Neanche la disavventura della perdita degli strumenti, quasi un classico per le band in tour, toccata stavolta alle chitarre di Stubbs, frena la padronanza del chitarrista, imbracciando per l’occasione una sostitutiva telecaster modello “Joe Strummer”, cui fa da contraltare il “rig” alla Hound Dog Taylor di Faherty e una slide incendiaria come nell’intermezzo che lo vede prendere il largo e scendere dal palco al pulsare della batteria di Carman.
Non disdegnano una performance entusiasta, i GA-20, quantunque a pochi minuti dal concerto si chiedessero dove fosse finita tutta la gente, loro che col caldo da Mississippi nemmeno hanno smesso i loro abiti da scena, un giubbotto di jeans prima di salire on stage e gli occhiali scuri rubati ai Blues Brothers. Con “Double Gettin’ My Love” siamo già nel bel mezzo delle danze, ma è palese il viraggio di cui sopra a un più genuino sentimento dei “fifties”, rispetto al ricercato low-fi modaiolo di Black Keyes o White Stripes, accostati spesso per la scelta di una formazione scarna ed essenziale, dall’approccio punk.
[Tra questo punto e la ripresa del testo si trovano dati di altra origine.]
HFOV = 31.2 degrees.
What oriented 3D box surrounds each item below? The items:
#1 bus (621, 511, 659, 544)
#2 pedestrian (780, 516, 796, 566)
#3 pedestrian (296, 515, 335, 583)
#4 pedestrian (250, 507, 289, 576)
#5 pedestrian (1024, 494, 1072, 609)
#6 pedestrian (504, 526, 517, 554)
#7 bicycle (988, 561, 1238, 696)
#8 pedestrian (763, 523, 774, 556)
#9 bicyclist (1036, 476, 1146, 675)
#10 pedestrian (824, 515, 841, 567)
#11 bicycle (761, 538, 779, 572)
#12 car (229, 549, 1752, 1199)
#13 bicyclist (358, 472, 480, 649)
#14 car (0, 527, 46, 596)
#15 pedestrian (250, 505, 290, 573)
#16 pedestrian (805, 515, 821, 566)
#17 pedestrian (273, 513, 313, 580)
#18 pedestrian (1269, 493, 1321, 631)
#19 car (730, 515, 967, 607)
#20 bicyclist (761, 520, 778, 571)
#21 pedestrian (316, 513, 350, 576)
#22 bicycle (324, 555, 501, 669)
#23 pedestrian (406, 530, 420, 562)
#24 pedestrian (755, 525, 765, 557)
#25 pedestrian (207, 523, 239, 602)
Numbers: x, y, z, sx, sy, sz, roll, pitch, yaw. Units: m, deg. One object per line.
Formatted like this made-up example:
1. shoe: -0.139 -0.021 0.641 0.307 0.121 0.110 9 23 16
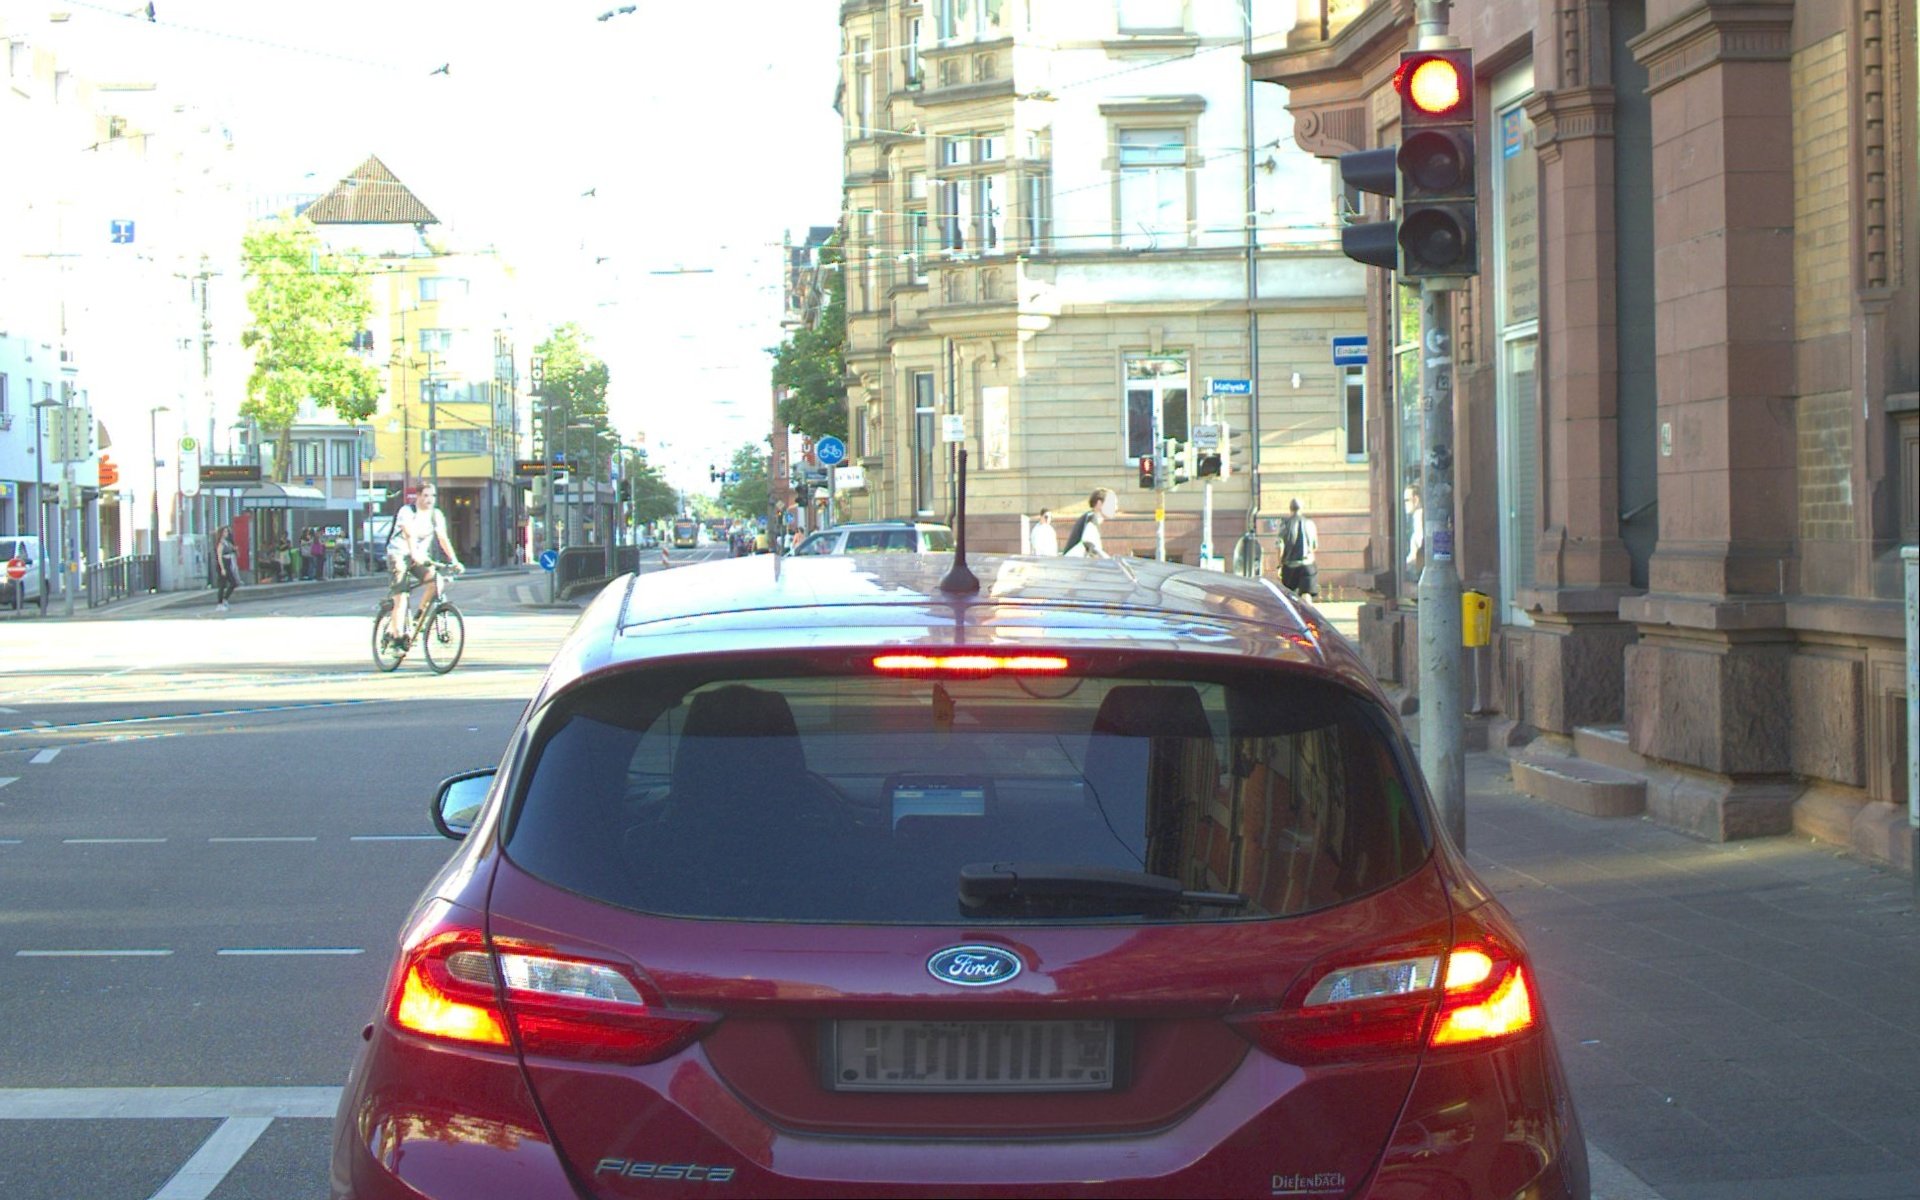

I nostri evocano invece spunti più classici di Chicago Blues, elettrificazioni meno estreme, quantunque spigolose come poteva esserlo Elmore James, e “Lonely Soul” è esplicita in proposito, vetrosi e cristallini i “solos” nel rimpallo tra le chitarre, così come “My Baby’s Sweeter” di Little Walter o la ballabile “One More Time”, a scanso di equivoci. Già volgono ai saluti i riffs rock’n’rollistici di “By My Lonesome” e un’altra serata di una musica che, “dal vivo”, sembra essere sempre più rara a queste latitudini, come il freddo di un inverno a Boston, Massachusetts.
Matteo Fratti
Nikki Hill al Dal Mississippi al Po Festival
Stesso luogo e stessa ora, la sera successiva tocca invece a Nikki Hill prendere possesso del palco piacentino. La cantante originaria del North Carolina ma residente da qualche tempo a Memphis, dimostra ancora una volta tutta la sua grinta in un divertente concerto di rock’n’roll in cui non ha alzato per un momento il piede dall’acceleratore.
L’avevamo apprezzata già lo scorso anno al Blues to Bop di Lugano, con questa stessa formazione comprendente Nick Gaitan e Marty Dodson come sezione ritmica e due chitarre, quella del marito Matt Hill e quella dell’ottima Laura Chavez. Un gruppo che fa dell’energia grezza il proprio punto di forza, creando un supporto roccioso per la voce di Nikki.
Partono a spron battuto con la classica “Travelin’ Band” dei Creedence che in un certo senso stabilisce le coordinate entro cui si muoverà il gruppo per la prossima ora e mezza. Niente di più e niente di meno che del genuino rock’n’ roll. Il moto perpetuo e l’ancheggiare felino della Hill, “Feline Roots” è d’altra parte anche il titolo dell’ultimo suo lavoro in studio, risalente ormai al 2018, ci ricordano la carica danzereccia e liberatoria di questa musica.
Senza troppi pensieri né tentennamenti, ma uno via l’altro ecco “Poisoning The Well”, “Strapped To The Beat” o “Don’’t Be The Sucker”.
Chi si aspetta un rallentamento, qualcosa di simile a una ballad o ad uno slow, resta forse spiazzato da cotanta indefessa profusione d’energia. Hill non risparmia le corde vocali, ondeggiando sui riff sporchi del marito e gli assolo della Chavez su un altro pezzo basico come “Ask Yourself”, cui segue “The Fire That’s In Me”.
Ecco, indubitabilmente, un po’ di quel fuoco che ha dentro lo ha riversato anche questa sera a Piacenza a beneficio del pubblico di Santa Chiara.
Un encomio doveroso a Fedro Cooperativa che da anni continua con tenacia a proporre musica di qualità tra Piacenza, Fiorenzuola, Parma e i paesi delle valli circostanti.